OK, fine, so when he pushes down on one side he is doing the equivalent of imparting some of his own mass to one side so after removing his hand then:

 

m₁ = m₂

y₁ = y₂

 

I should add that there should be a sine and cosine function involved with the m and y variables since the lever equation is the perpendicular force but movement is in an arc while the force of gavity is verticle but the fact remains that when both masses and both lever lengths are equal then the y offsets must be equal.

 

 

...edit to add:

Not that it matters because there are only three terms on either side of the equation in this problem, but I thought I should check what the accepted equation for a balance was.

 

After googling balance equation, I found no results other than accounting references. After googling balance paradox, I was surprised to see that there were some hits that seemed to try and show a paradox without any explanations.

 

Hasn't anyone ever formalised an equation for the balance yet?

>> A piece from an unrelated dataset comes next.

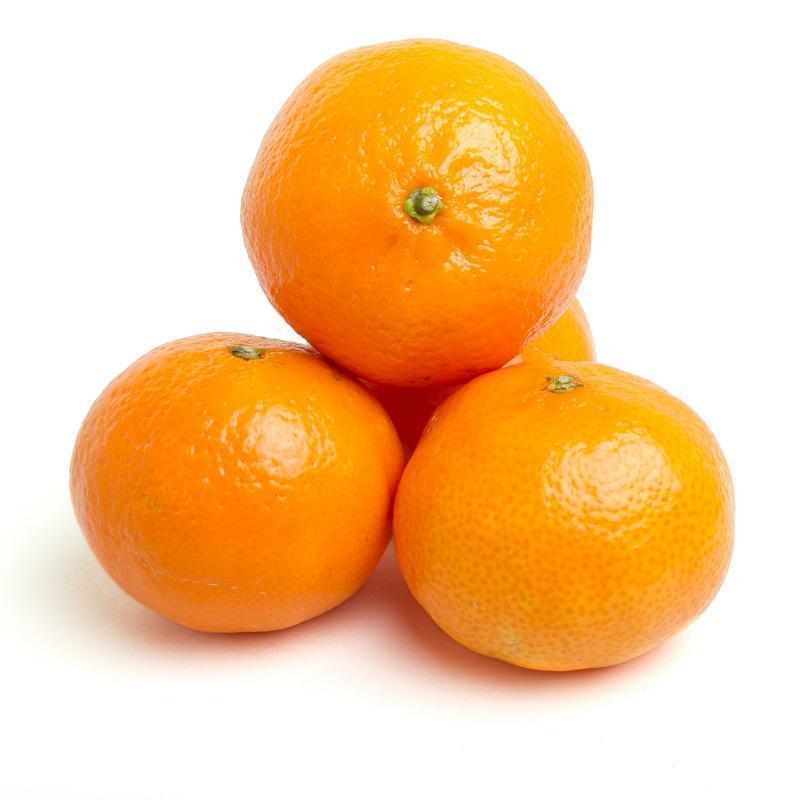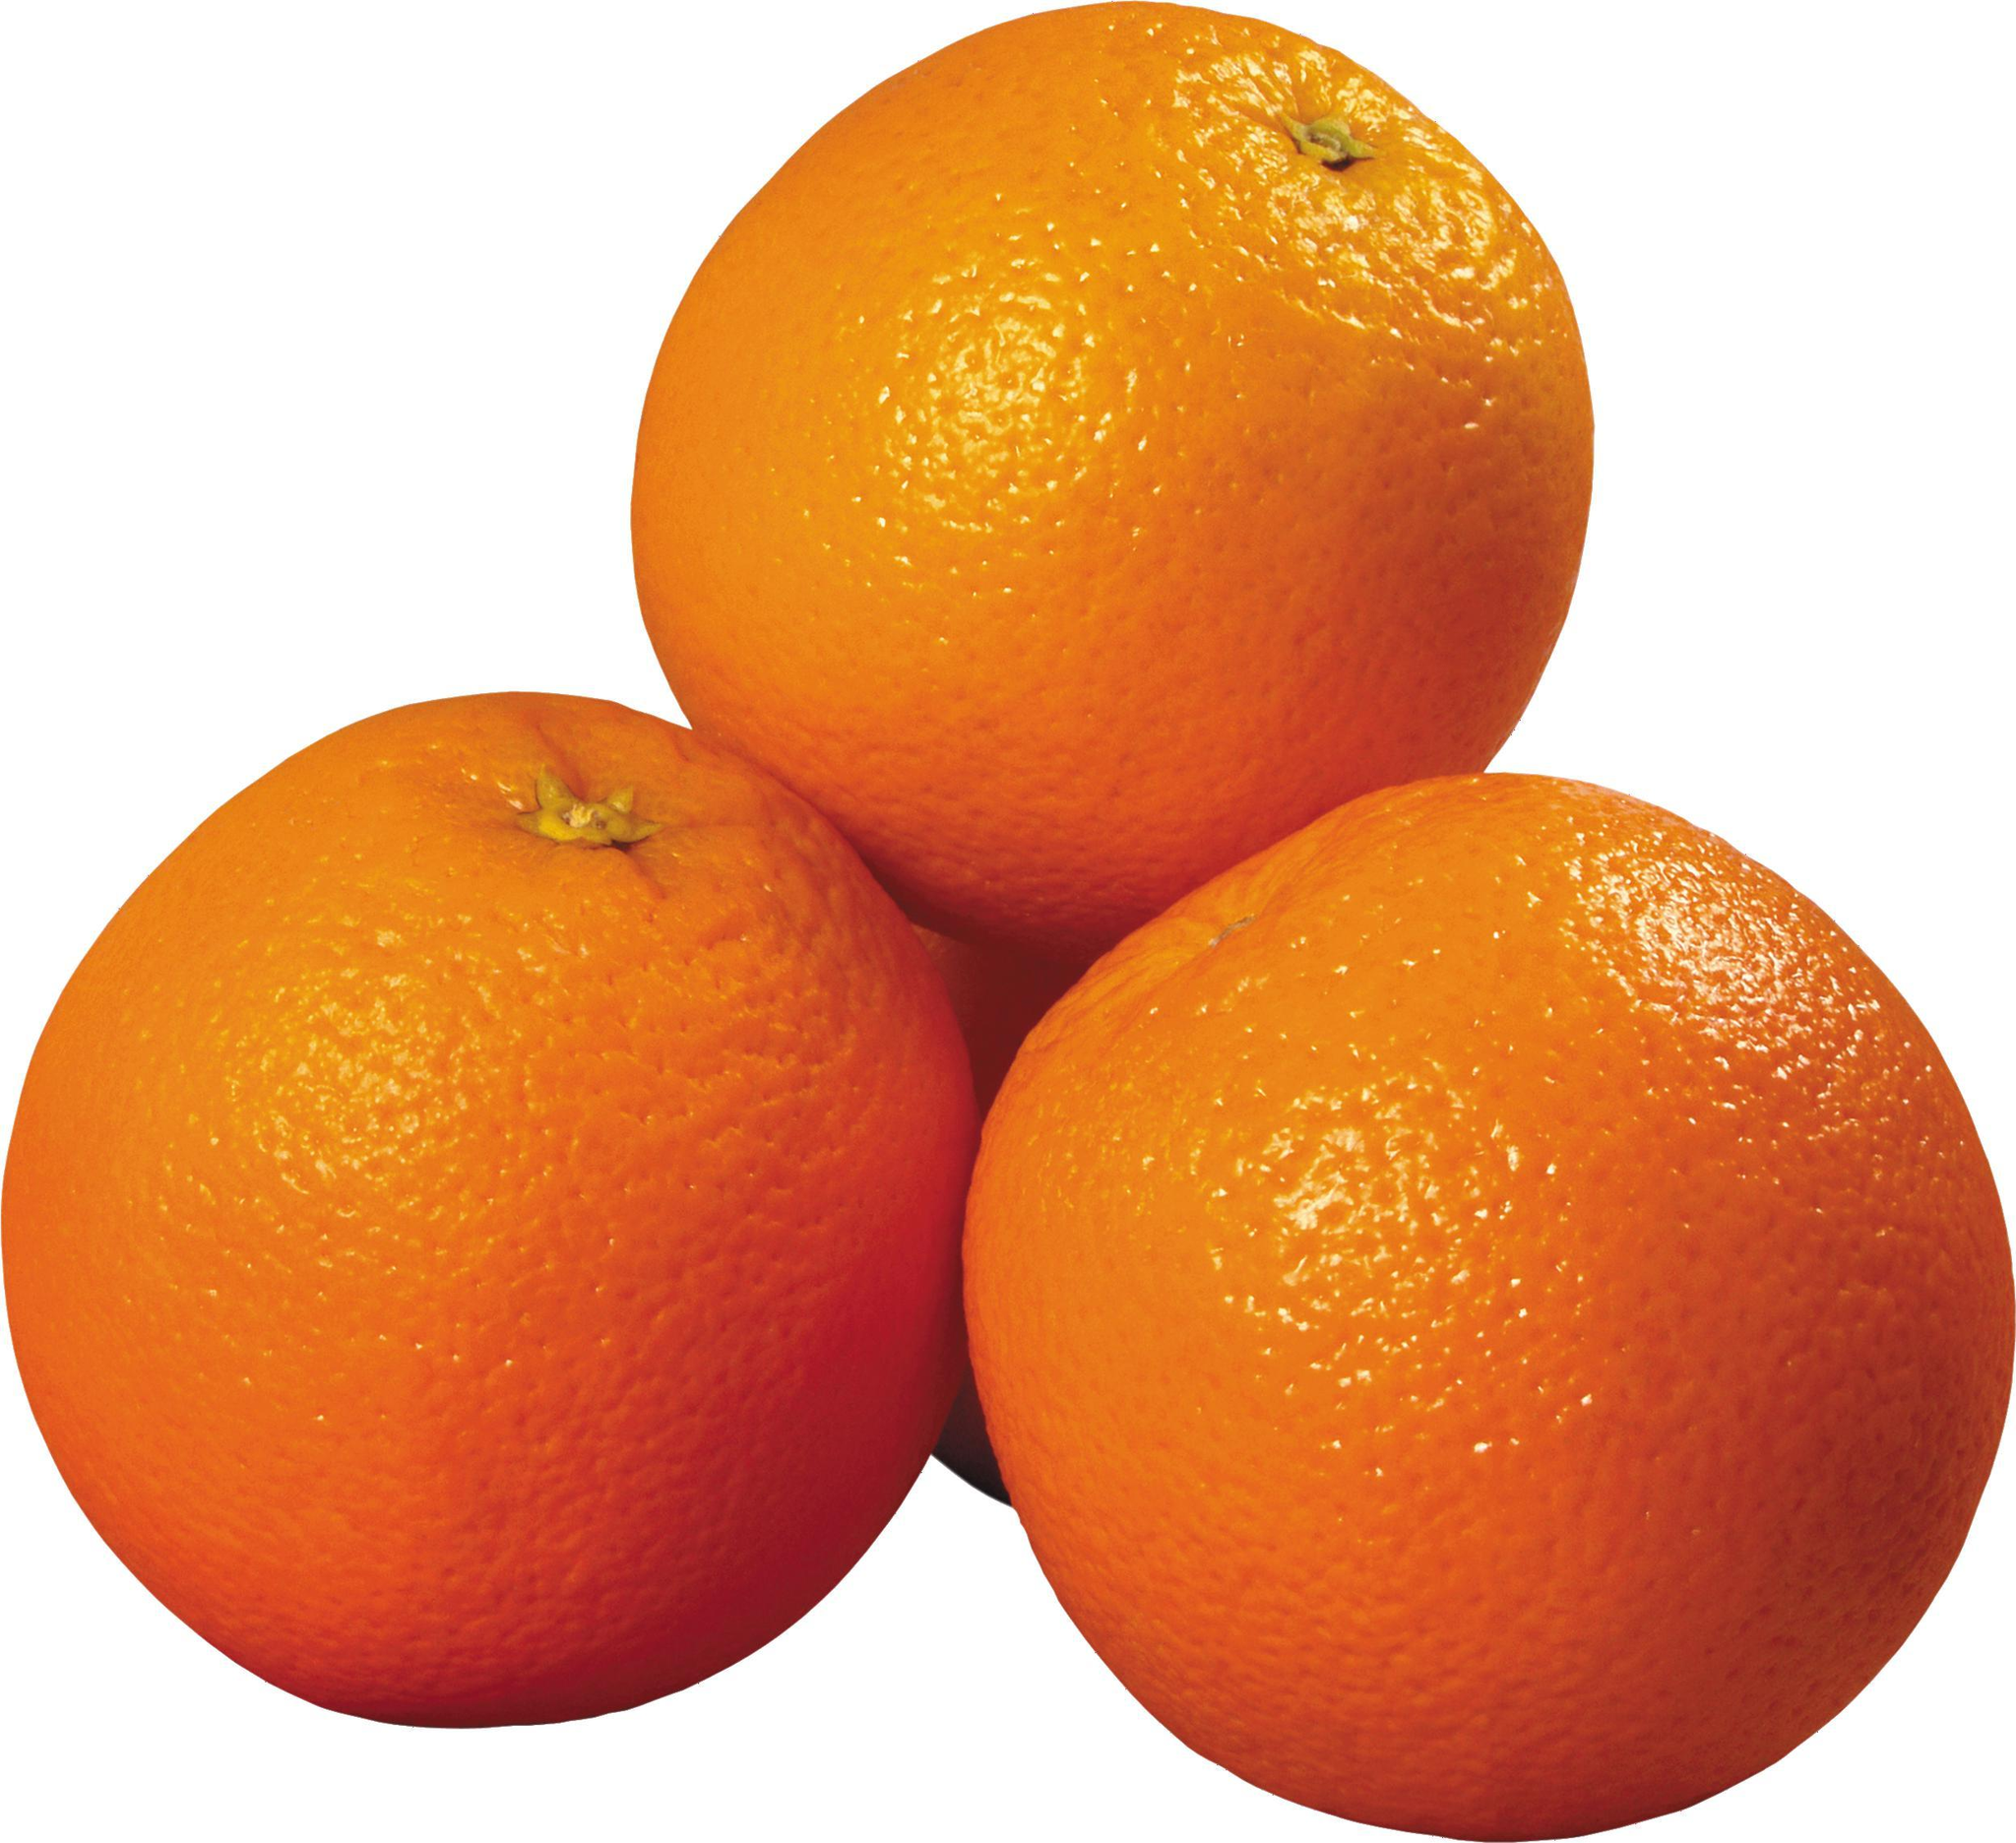The first image is the image on the left, the second image is the image on the right. For the images displayed, is the sentence "There are at most 6 oranges total" factually correct? Answer yes or no. No. The first image is the image on the left, the second image is the image on the right. Assess this claim about the two images: "There are six oranges.". Correct or not? Answer yes or no. No.

Edited by TakenItSeriously
Posted

Hasn't anyone ever formalised an equation for the balance yet?

 

Post #18 is again very confusing. But the last statement (question) is valid. No analysis has yet been presented to show that a restoring torque exists on a balance beam which has been displaced from its normal horizontal position. I can't find one.

Posted (edited)

I have the impression that most people answered the question somewhat, but either incompletely or inaccurately. So, here's my try to finalize it

 

In contrast to the last picture here above by Studiot (thanks Studiot), a common balance scale has a bent horizontal arm. But also with a bent horizontal arm, both sides are equal in weight; what matters is the torque (likely Studiot meant with "heavier" not the weight but the torque).

Torque = L X F (this is a vector product). The lever effect is therefore not determined by the arm length but by the horizontal distance L*cosα (the effective arm length).

Consequently when one side is higher than the other side, the lever effect on that side is greater than on the other side, because the effective arm length is greater. That pulls the balance scale back to the point of equilibrium, where the effective arm lengths are equal.


PS and yes, the new picture added by Swanson has the red pointer doing that job instead.

Edited by Tim88
Posted (edited)

OK, fine, so when he pushes down on one side he is doing the equivalent of imparting some of his own mass to one side so after removing his hand then:

 

m₁ = m₂

y₁ = y₂

 

I should add that there should be a sine and cosine function involved with the m and y variables since the lever equation is the perpendicular force but movement is in an arc while the force of gavity is verticle but the fact remains that when both masses and both lever lengths are equal then the y offsets must be equal.

 

 

...edit to add:

Not that it matters because there are only three terms on either side of the equation in this problem, but I thought I should check what the accepted equation for a balance was.

 

After googling balance equation, I found no results other than accounting references. After googling balance paradox, I was surprised to see that there were some hits that seemed to try and show a paradox without any explanations.

 

Hasn't anyone ever formalised an equation for the balance yet?

 

You could be more successful with math.

Edited by DimaMazin
Posted

I haven't read all of the posts in depth, but it seems to me that it simply to do with the location of the centre of gravity of the balance beam when unloaded.

If it's below the pivot, then the beam will naturally return to the horizontal, because any tilt on the beam causes the centre of gravity to rise.

So the beam is levelled by gravity acting through the c of g.

 

If the c of g was above the pivot, the beam would be unstable, and want to flip to whatever side it's tilted to on release.